|
Они боролись за правое дело, за то, за что стоит и умереть. Они хотели, чтобы Человечество вернулось Домой, на поверхность, чтобы возродило Святую Землю в ее первозданной чистоте или хотя бы начало прилагать определенные усилия в этом направлении. Действовала группа методом проповедей и агитаций. Возможно, это был несколько идеалистический подход, попахивающий иногда и религией, но, в любом случае, развернуться им не дали, и Питеру, чудом скрывшись от полиции, удалось остаться в живых, в отличие от многих…
После этого случая, потеряв контакт с остальными, Питер ударился в другую тактическую крайность. Он решил на конкретном примере, на собственном опыте показать всем, что на поверхности можно снова жить, трудиться, любить. Можно, наконец-то, снова перейти на естественную пищу, можно снова бегать босиком по мокрой траве…
В последнее время Питер подрабатывал в Ботаническом Музее и имел доступ к древним запасам самых различных семян и саженцев. Он загорелся идеей создать где-нибудь наверху нечто вроде опытного поля, заповедника, где росли бы разнообразные цветы, фрукты, овощи. Конечно, Подземные Жители, как теперь презрительно называл ИХ Питер, имели представление о флоре (но весьма смутное о фауне). У многих обеспеченных граждан дома цвели маленькие оранжереи, но в них присутствовали чисто декоративные, причем довольно однообразные растения, преимущественно весьма невеликих размеров, ибо стесненные условия диктовали свои правила.
А он мечтал разбить красивый фруктовый сад. Например, вишневый. Или яблоневый. О, как ему хотелось попробовать большое, сочное, красное с желтыми прожилками, сладкое, хрустящее на зубах яблоко!

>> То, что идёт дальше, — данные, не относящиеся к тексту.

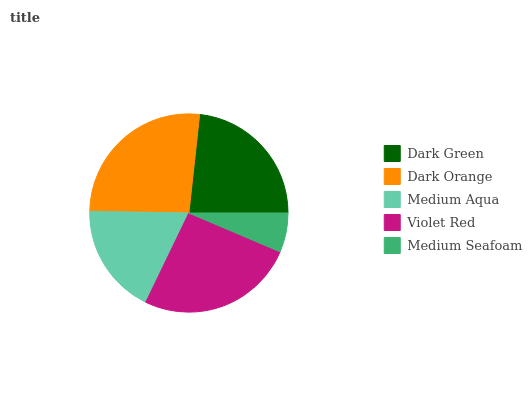Is Medium Seafoam the minimum?
Answer yes or no. Yes. Is Dark Orange the maximum?
Answer yes or no. Yes. Is Medium Aqua the minimum?
Answer yes or no. No. Is Medium Aqua the maximum?
Answer yes or no. No. Is Dark Orange greater than Medium Aqua?
Answer yes or no. Yes. Is Medium Aqua less than Dark Orange?
Answer yes or no. Yes. Is Medium Aqua greater than Dark Orange?
Answer yes or no. No. Is Dark Orange less than Medium Aqua?
Answer yes or no. No. Is Dark Green the high median?
Answer yes or no. Yes. Is Dark Green the low median?
Answer yes or no. Yes. Is Medium Aqua the high median?
Answer yes or no. No. Is Dark Orange the low median?
Answer yes or no. No. 
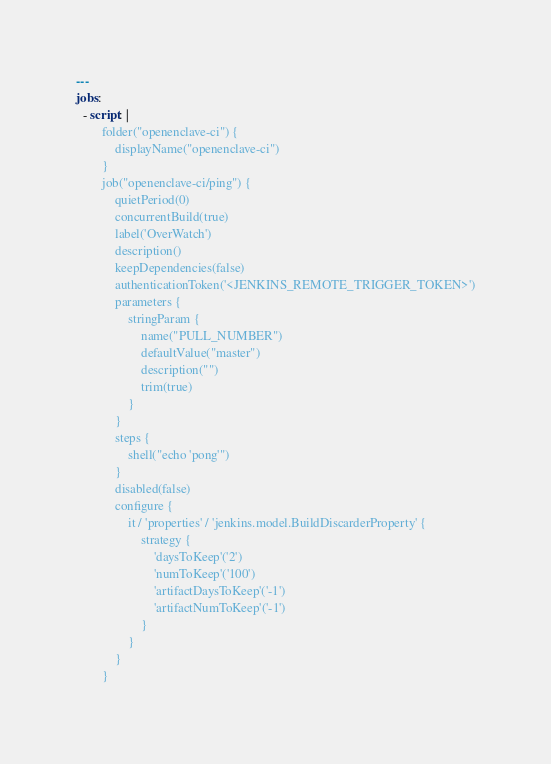Convert code to text. <code><loc_0><loc_0><loc_500><loc_500><_YAML_>---
jobs:
  - script: |
        folder("openenclave-ci") {
            displayName("openenclave-ci")
        }
        job("openenclave-ci/ping") {
            quietPeriod(0)
            concurrentBuild(true)
            label('OverWatch')
            description()
            keepDependencies(false)
            authenticationToken('<JENKINS_REMOTE_TRIGGER_TOKEN>')
            parameters {
                stringParam {
                    name("PULL_NUMBER")
                    defaultValue("master")
                    description("")
                    trim(true)
                }
            }
            steps {
                shell("echo 'pong'")
            }
            disabled(false)
            configure {
                it / 'properties' / 'jenkins.model.BuildDiscarderProperty' {
                    strategy {
                        'daysToKeep'('2')
                        'numToKeep'('100')
                        'artifactDaysToKeep'('-1')
                        'artifactNumToKeep'('-1')
                    }
                }
            }
        }        
</code>

Он пошел другим путем! Он им покажет! Он им непременно докажет! Не все еще потеряно! Справедливость должна восторжествовать, разве может быть иначе?!
Он верил…
* * *
Питера переполняло счастье. Оно безраздельно захватывало и поглощало его; все частички его тела восторженно пели хвалебную песнь Матери-Природе, Солнцу-Отцу, Брату-ветру, Сестрам-цветам. Свободе. Той Свободе, которая кружит голову, пенит кровь и зовет на свершение подвигов. Ему хотелось набрать полные легкие живительного воздуха и радостно кричать, задорно свистеть, улюлюкать, беззаботно дурачиться. И петь. Да, петь! Самому! Пусть не так возвышенно, пусть не так прекрасно, но петь! Весело и задорно выводить простую гармонию, самому выдумывать простые слова, и вложить в них обыкновенные, естественные чувства!..
Чтобы сказали Подземные Жители, увидев его здесь, услышав его здесь? Что он сошел с ума? Что он ненормален? Что это невозможно? Ошибка, чья-то досадная ошибка!..
Они бы сказали: «Убить его!». Они бы сказали: «Проклясть его!» Они бы сказали: «Забыть его!»
Целое море великолепных тюльпанов величественно колыхалось из стороны в сторону, движимое порывам легкого ветерка, налетающего с высоких заснеженных гор. Когда-нибудь оно будет поистине бескрайним! И будет принадлежать всем!
Как прекрасно! Раскинув в стороны руки, он зажмурил глаза и запрокинул лицо, подставив его теплым лучам ласкового солнышка, выглянувшего из-за вершины.
Тут до его уха стал доноситься какой-то шум, приближающийся сзади. Он удивленно открыл глаза и наморщил лоб. Шум приближался. Сердце у него екнуло, и на затылке зашевелились волосы. Он понял, что посетившее его накануне недоброе предчувствие было ничем иным, как интуитивным предвидением наступающего сейчас будущего. Долгими тихими месяцами висело это предчувствие безмолвным ружьем на стенке, и тут выстрелило…
Питер резко обернулся и увидел шеренгу солдат с автоматами наперевес, выскочившую из-за косогора и стремительно к нему приближающуюся. До нее оставалось с полусотню ярдов, когда он очнулся и со всех ног бросился бежать. Только бы не помять цветов, стучала в его мозгу одна единственная мысль.